::: SOURCE RECORDS :::

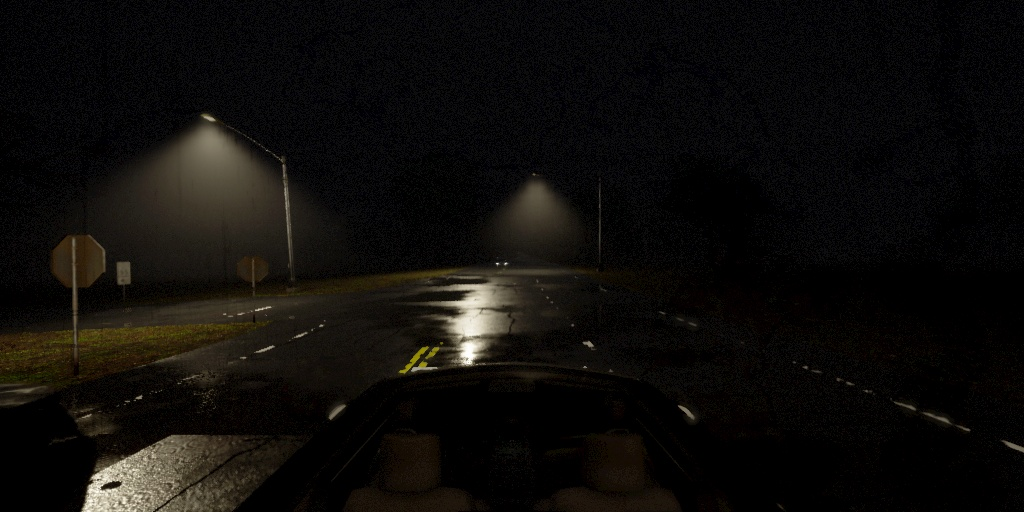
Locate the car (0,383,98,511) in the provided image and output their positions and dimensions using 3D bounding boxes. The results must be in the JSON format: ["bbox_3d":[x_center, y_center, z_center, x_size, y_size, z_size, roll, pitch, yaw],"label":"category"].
[{"bbox_3d":[-3.514,1.256,0.134,1.837,1.490,4.892,0,0,0],"label":"car"}]
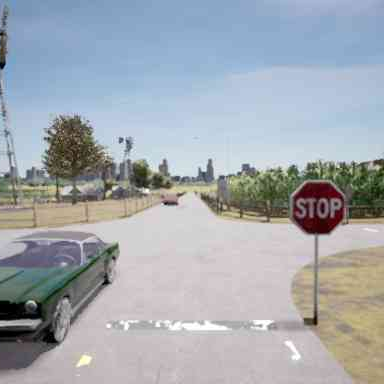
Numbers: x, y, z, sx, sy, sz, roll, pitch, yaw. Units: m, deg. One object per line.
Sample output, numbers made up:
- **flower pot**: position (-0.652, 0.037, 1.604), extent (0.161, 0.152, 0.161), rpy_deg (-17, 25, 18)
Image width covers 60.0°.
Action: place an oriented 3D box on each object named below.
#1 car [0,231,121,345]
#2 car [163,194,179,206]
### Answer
- **car**: position (-2.762, 1.505, 6.337), extent (1.895, 1.301, 4.718), rpy_deg (0, 1, 0)
- **car**: position (-2.784, 1.076, 45.126), extent (1.882, 1.535, 5.008), rpy_deg (0, 0, 0)
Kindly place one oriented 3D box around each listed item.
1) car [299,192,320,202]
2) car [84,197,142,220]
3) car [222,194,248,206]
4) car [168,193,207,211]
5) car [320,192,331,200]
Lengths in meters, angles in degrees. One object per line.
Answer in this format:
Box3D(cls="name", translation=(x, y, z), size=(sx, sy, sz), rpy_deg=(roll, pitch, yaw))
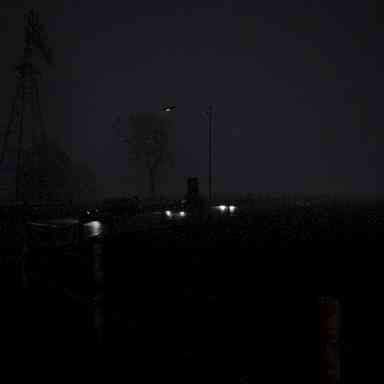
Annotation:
Box3D(cls="car", translation=(18.910, 0.800, 54.392), size=(1.812, 1.442, 4.674), rpy_deg=(1, 2, 35))
Box3D(cls="car", translation=(-5.992, 1.206, 25.663), size=(1.837, 1.490, 4.892), rpy_deg=(1, 2, 35))
Box3D(cls="car", translation=(5.424, 1.005, 41.760), size=(1.994, 1.385, 4.181), rpy_deg=(1, 2, 35))
Box3D(cls="car", translation=(-0.350, 0.924, 33.614), size=(2.097, 1.767, 4.553), rpy_deg=(1, 2, 35))
Box3D(cls="car", translation=(24.707, 0.710, 62.577), size=(1.994, 1.385, 4.181), rpy_deg=(1, 1, 36))
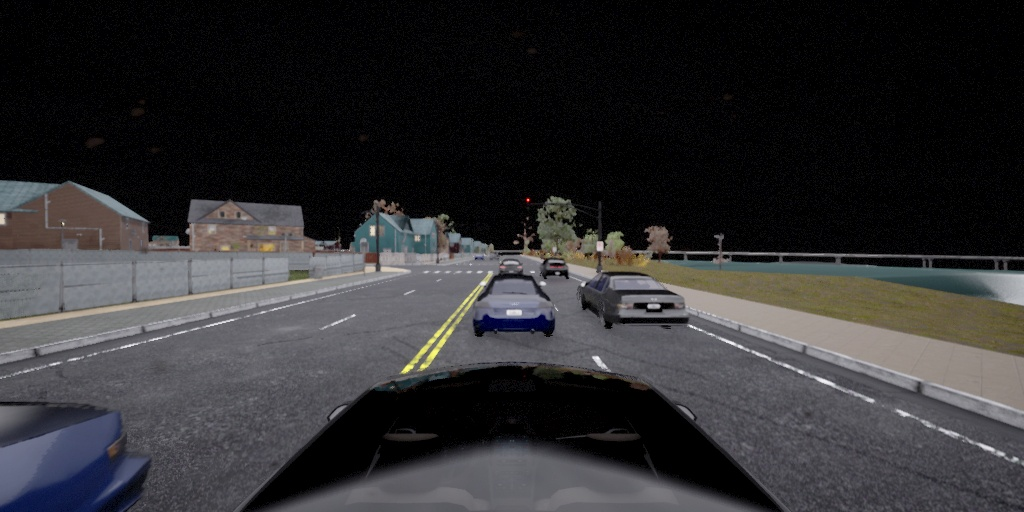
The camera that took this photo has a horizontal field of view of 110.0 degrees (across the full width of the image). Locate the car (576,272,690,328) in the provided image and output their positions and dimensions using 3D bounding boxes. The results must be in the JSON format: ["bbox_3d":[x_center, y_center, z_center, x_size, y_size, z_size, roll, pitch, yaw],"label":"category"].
[{"bbox_3d":[3.277,1.177,10.795,2.033,1.411,5.357,0,1,0],"label":"car"}]

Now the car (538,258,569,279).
[{"bbox_3d":[3.135,0.917,27.253,1.837,1.490,4.892,0,0,0],"label":"car"}]

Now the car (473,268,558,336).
[{"bbox_3d":[0.033,1.203,10.015,1.994,1.385,4.181,0,1,0],"label":"car"}]

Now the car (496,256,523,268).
[{"bbox_3d":[-0.130,0.935,27.451,1.812,1.442,4.674,0,0,-2],"label":"car"}]

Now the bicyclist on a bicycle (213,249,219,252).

:::

--- TASK DIRECTIONS ---
Find all lines in the records that hold the word "object". Copy them.

--- SOLUTION BELOW ---
Numbers: x, y, z, sx, sy, sz, roll, pitch, yaw. Units: m, deg. One object per line.
Action: place an oriented 3D box on each object named below.
Lengths in meters, angles in degrees. One object per line.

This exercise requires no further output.